2) Why INSEAD & London Business School Are Not In This Ranking
The most important story in this year's Economist ranking is the return of many business schools that had declined to participate last year as the pandemic continued to linger. And the biggest news this year might well be the list of schools that continued to walk away from The Economist ranking.
If you're looking for INSEAD or London Business School on the list, you won't find them. If you're looking for the prestige MBA programs at both Oxford and Cambridge, they are nowhere to be found. What of IE Business School in Spain or Imperial College London? Nope, not in this ranking.

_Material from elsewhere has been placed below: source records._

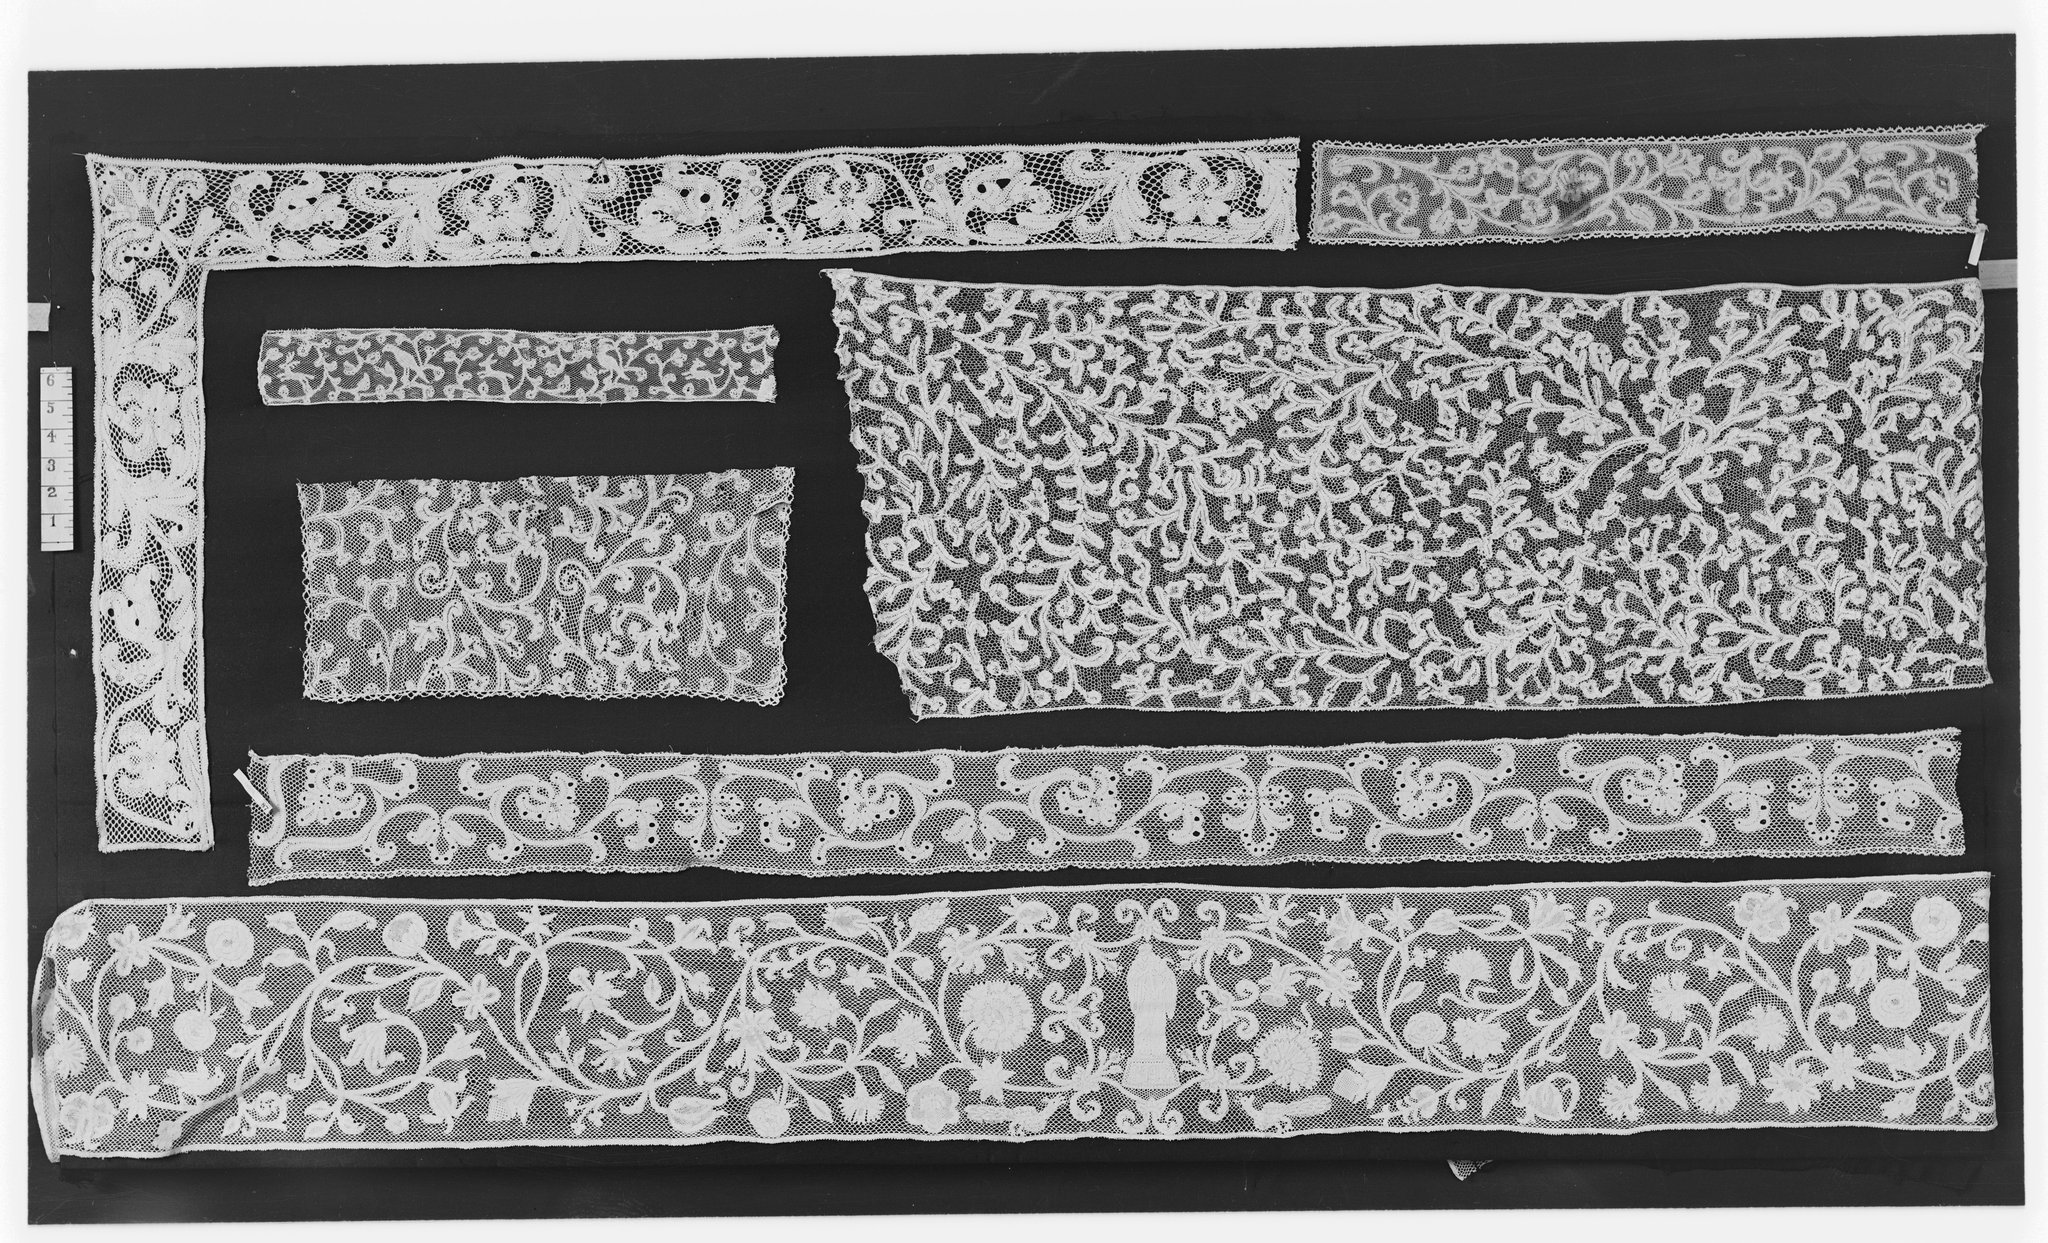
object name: strip
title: Strip with corner
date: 1667-1700
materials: lace
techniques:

How come? The methodology employed by The Economist to crank out its ranking consistently undervalues these schools, so much so that they decided not to play ball. This is particularly true when you compare the much higher rankings these schools consistently achieve in the more influential Financial Times ranking which has a greater impact on application volume in Europe (see table below).
Consider this fact: INSEAD has topped the FT ranking three times in that list's history and comfortably sits in third place on the 2022 list. Ditto for London Business School, which has also scored a trio of No. 1 wins on the FT and currently is ranked eighth-best in the world.
When these two schools last participated in The Economist ranking, INSEAD was 22nd, 19 places below its current FT rank, while LBS was 25th, 17 spots under its current FT rank. More telling, however, is how these schools have performed over the long haul in The Economist. Over 18 separate rankings dating back to 2022, neither school has ever ranked first. In fact, INSEAD has only managed to rank in the Top Ten once in 2015 when it was in eighth place; London managed to break into The Economist Top Ten only twice, in 2008 and 2009.
And there have been years when the MBA programs at both these giants of business education couldn't do any better than ranking positions in the 30s: In 2002, The Economist ranked INSEAD 33rd, and in 2004, it ranked London Business School's MBA 31st. Translation: Several other European schools and many U.S. schools have typically outperformed both schools in The Economist ranking which isn't exactly good PR for either school.
Whether or not INSEAD and LBS are out permanently is still to be seen. For now, however, their decision not to participate seems like a sound reputational strategy.